Dr Christine Campbell

Dr Christine Campbell

Dr Christine Campbell, the University of Edinburgh: amount for year one, around £95,000

Dr Campbell’s project is looking at how cancer treatment can affect patients years later, including how it affects their chances of developing a second, different type of cancer, unrelated to their first diagnosis.

Dr Campbell will focus on how a having had a previous cancer diagnosis affects the way patients might be diagnosed a second time, including how it may affect doctors’ decisions, and how quickly patients report their symptoms. Her aim will be to find ways to ensure these tumours are diagnosed as early as possible, giving patients the best chance of survival.

Benefits and risks of cancer treatments

Professor Sarah Darby

Professor Sarah Darby

Professor Sarah Darby, University of Oxford: amount for year one, around £625,000

Professor Darby and her team at the University of Oxford are using patient data to improve the way cancer patients are treated in the clinic.

Some cancer treatments carry long-term risks of heart disease or developing a second cancer. For cancers where survival is good, doctors and patients face choices where they need to weigh up both the likely benefit and possible long-term harms of treatment options.

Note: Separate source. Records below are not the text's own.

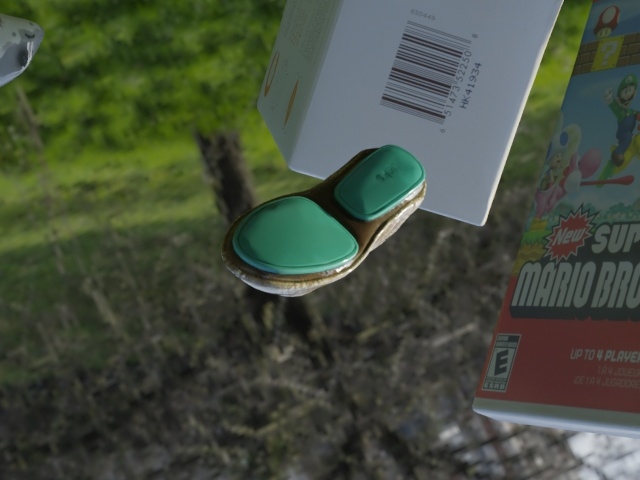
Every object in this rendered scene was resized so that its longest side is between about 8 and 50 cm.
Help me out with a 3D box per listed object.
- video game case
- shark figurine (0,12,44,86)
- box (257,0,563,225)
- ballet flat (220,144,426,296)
[{"bbox_3d":[0.190,-0.029,0.874,0.025,0.285,0.204,24,167,-26],"label":"video game case"},{"bbox_3d":[-0.291,-0.077,0.735,0.166,0.278,0.116,-74,178,-55],"label":"shark figurine"},{"bbox_3d":[0.064,-0.167,1.342,0.168,0.215,0.345,16,-169,-10],"label":"box"},{"bbox_3d":[0.000,0.000,1.006,0.206,0.073,0.067,-28,158,-49],"label":"ballet flat"}]

The Oxford team will use their findings to developing internet-based decision aids for early breast cancer and Hodgkin lymphoma.  These will help doctors treating patients with these cancers weigh up the pros and cons of the various treatment options, helping doctors and patients to choose the best treatment for them.

Professor Darby is also studying the risk of heart disease caused by some cancer treatments, with the aim of helping doctors further improve the safety of radiotherapy.

We look forward to seeing how the results of these exciting studies will help us continue to identify more cancer risk factors, diagnose cancer earlier, and make treatments kinder – and ultimately, save more lives.